La primavera araba e la paura dei cristiani

Intervista con il patriarca latino di Gerusalemme, Fouad Twal: «Non si può cambiare il regime di certi Paesi senza pensare al dopo».

Andrea Tornielli 

Il patriarca latino di Gerusalemme, Fouad Twal, sorride e benedice. Sta partecipando a una cena in suo onore, in un grande albergo della città dove sono ospitati i pellegrini del Movimento Cristiano Lavoratori (MCL) che ha deciso di festeggiare il suo quarantennale finanziando la costruzione di alloggi per le coppie di giovani cristiani. «Grazie per la vostra presenza – dice Twal – e grazie perché così non ci sentiamo soli…». Vatican Insider ha intervistato il patriarca.

Qual è il suo giudizio sulla «primavera araba»?

«È un fenomeno iniziato a Tunisi, dove io sono stato per tredici anni. Era un movimento sano, genuino, provocato dalla povertà, dalla disoccupazione, dalle mancate libertà. Sono stato felice di vedere che nasceva, anche perché a guardare da vicino l’inizio della “primavera araba” si può cogliere il filo rosso che lega alcune delle richieste dei giovani con le istanze da noi rappresentate durante il Sinodo sul Medio Oriente…».

Che cosa avevate chiesto al Sinodo?

«Innanzitutto, chiedevamo ai cristiani di essere cittadini a pieno titolo, di partecipare. L’inizio della “primavera araba” era un’applicazione di quell’invito, che riguardava i cristiani ma più in generale tutta la popolazione. Mi preme far notare che quando il fenomeno è cominciato non c’erano grida contro “l’imperialismo” occidentale, né c’erano posizioni in favore del fanatismo islamico».

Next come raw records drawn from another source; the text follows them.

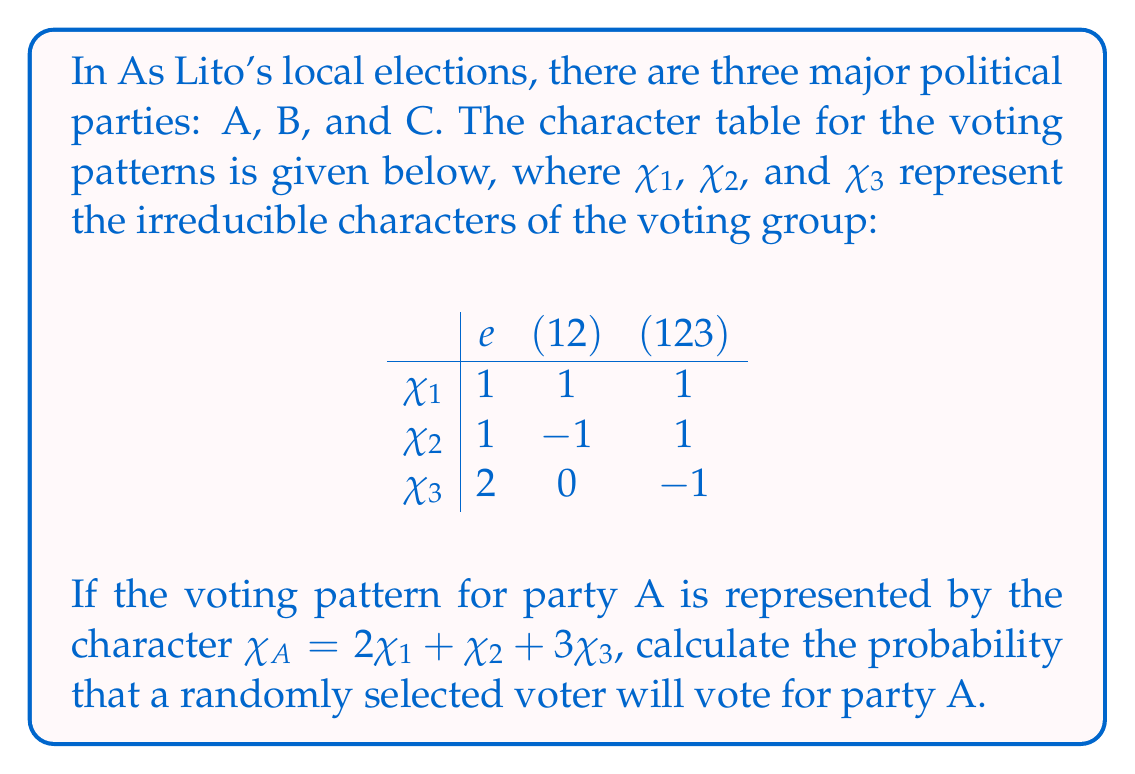Solve this math problem. To solve this problem, we'll follow these steps:

1) First, we need to understand what the character $\chi_A$ represents. In this context, it describes the voting pattern for party A.

2) The dimension of the representation is given by $\chi_A(e)$, where $e$ is the identity element. Let's calculate this:

   $\chi_A(e) = 2\chi_1(e) + \chi_2(e) + 3\chi_3(e)$
   $= 2(1) + 1(1) + 3(2) = 2 + 1 + 6 = 9$

3) This means that the total number of possible voting outcomes is 9.

4) Now, we need to calculate how many of these outcomes favor party A. This is given by the inner product of $\chi_A$ with the trivial character $\chi_1$:

   $\langle \chi_A, \chi_1 \rangle = \frac{1}{|G|} \sum_{g \in G} \chi_A(g) \overline{\chi_1(g)}$

   Where $|G|$ is the order of the group, which is 3 in this case (as there are 3 conjugacy classes).

5) Let's calculate this inner product:

   $\langle \chi_A, \chi_1 \rangle = \frac{1}{3} [(2+1+6)(1) + (2-1+0)(1) + (2+1-3)(1)]$
   $= \frac{1}{3} [9 + 1 + 0] = \frac{10}{3}$

6) This means that out of the 9 possible outcomes, $\frac{10}{3}$ favor party A.

7) Therefore, the probability of a randomly selected voter voting for party A is:

   $P(A) = \frac{10/3}{9} = \frac{10}{27}$
Answer: $\frac{10}{27}$ 
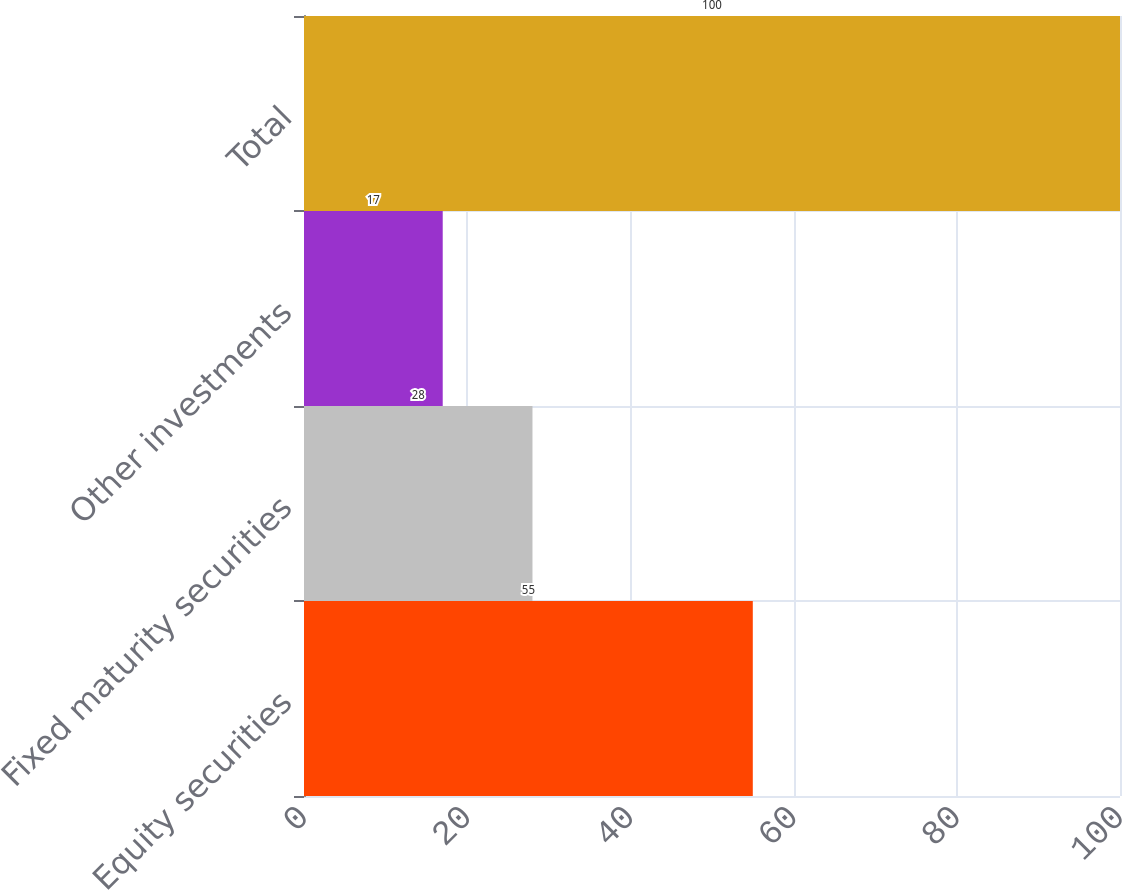Convert chart to OTSL. <chart><loc_0><loc_0><loc_500><loc_500><bar_chart><fcel>Equity securities<fcel>Fixed maturity securities<fcel>Other investments<fcel>Total<nl><fcel>55<fcel>28<fcel>17<fcel>100<nl></chart>

E come giudica, invece, ciò che è accaduto dopo?

«Anche chi non aveva partecipato, ha voluto cogliere i frutti di quanto stava accadendo. E nulla è stato più come prima. La comunità internazionale è intervenuta, sono entrati in gioco interessi politici ed economici: ognuno voleva un pezzo della torta. Un anno fa a Londra dicevo: questo movimento coinvolgerà tutti i Paesi arabi. Anche Israele non ne sarà immune. Spero vivamente che i governanti prendano in seria considerazione il disagio dei giovani e mi auguro che abbiano la capacità di capire quali riforme sono necessarie e il coraggio per attuarle, favorendo un maggiore rispetto per le persone e per le minoranze».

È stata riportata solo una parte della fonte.